In a far field it is received asymptotic expression of displacement of the shear waves transmitted in the elastic environment by the angle beam probe in view of features of radiation of such waves under a angle of probe, coming nearer to the third critical. At sufficient remoteness from a critical corner this expression passes in received earlier in geometroacustical approximation. The estimations carried out for steel have shown, that for converters with nominal angles of probe 37 – 40 influence of this critical angle causes increase of an angle of registration of a maximum of the signal, observed earlier experimentally. This feature is influenced as distance up to points of registration of a shear wave, and with working frequency of the angle beam probe and its size piezoplate (width of the directivity characteristic).
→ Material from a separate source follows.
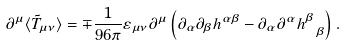Convert formula to latex. <formula><loc_0><loc_0><loc_500><loc_500>\partial ^ { \mu } \langle \tilde { T } _ { \mu \nu } \rangle = \mp \frac { 1 } { 9 6 \pi } \varepsilon _ { \mu \nu } \partial ^ { \mu } \left ( \partial _ { \alpha } \partial _ { \beta } h ^ { \alpha \beta } - \partial _ { \alpha } \partial ^ { \alpha } h ^ { \beta } _ { \ \beta } \right ) .</formula> 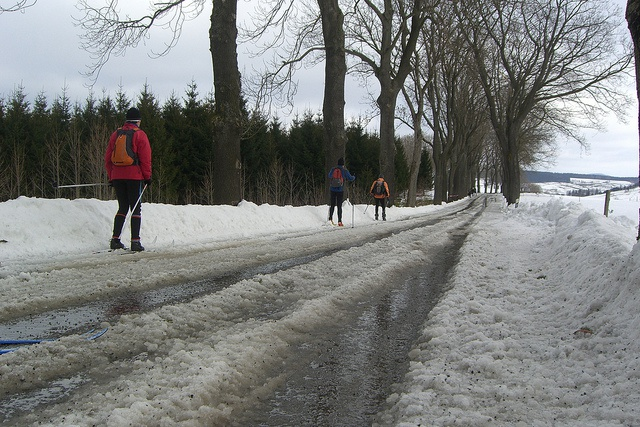Describe the objects in this image and their specific colors. I can see people in lightgray, black, maroon, and brown tones, people in lightgray, black, maroon, navy, and gray tones, backpack in lightgray, black, maroon, and brown tones, people in lightgray, black, gray, maroon, and brown tones, and skis in lightgray, black, gray, and blue tones in this image.

scholarly journals On Terminological Peculiarities Of Designation Of Ultrasonic Waves Formed At The First Critical Angle

2018 ◽  
Vol 2018 (3) ◽  
pp. 14-26
Author(s):  
E.A. Davydov ◽  
◽  
V.P. Dyadin ◽  
A.L. Shekero ◽  
◽  
...  
Keyword(s):  
Critical Angle ◽  
Ultrasonic Waves

scholarly journals Flaw Detection in Highly Scattering Materials Using a Simple Ultrasonic Sensor Employing Adaptive Template Matching

Sensors ◽  
2021 ◽  
Vol 22 (1) ◽  
pp. 268
Author(s):  
Biao Wu ◽  
Yong Huang
Keyword(s):  
Template Matching ◽  
Rayleigh Scattering ◽  
Flaw Detection ◽  
Ultrasonic Signal ◽  
Ultrasonic Sensor ◽  
Polycrystalline Materials ◽  
Spectral Difference ◽  
Time Frequency ◽  
Frequency Features ◽  
Spectrum Model

Ultrasonic sensors have been extensively used in the nondestructive testing of materials for flaw detection. For polycrystalline materials, however, due to the scattering nature of the material, which results in strong grain noise and attenuation of the ultrasonic signal, accurate detection of flaws is particularly difficult. In this paper, a novel flaw-detection method using a simple ultrasonic sensor is proposed by exploiting time-frequency features of an ultrasonic signal. Since grain scattering mostly happens in the Rayleigh scattering region, it is possible to separate grain-scattered noise from flaw echoes in the frequency domain employing their spectral difference. We start with the spectral modeling of grain noise and flaw echo, and how the two spectra evolve with time is established. Then, a time-adaptive spectrum model for flaw echo is proposed, which serves as a template for the flaw-detection procedure. Next, a specially designed similarity measure is proposed, based on which the similarity between the template spectrum and the spectrum of the signal at each time point is evaluated sequentially, producing a series of matching coefficients termed moving window spectrum similarity (MWSS). The time-delay information of flaws is directly indicated by the peaks of MWSSs. Finally, the performance of the proposed method is validated by both simulated and experimental signals, showing satisfactory accuracy and efficiency.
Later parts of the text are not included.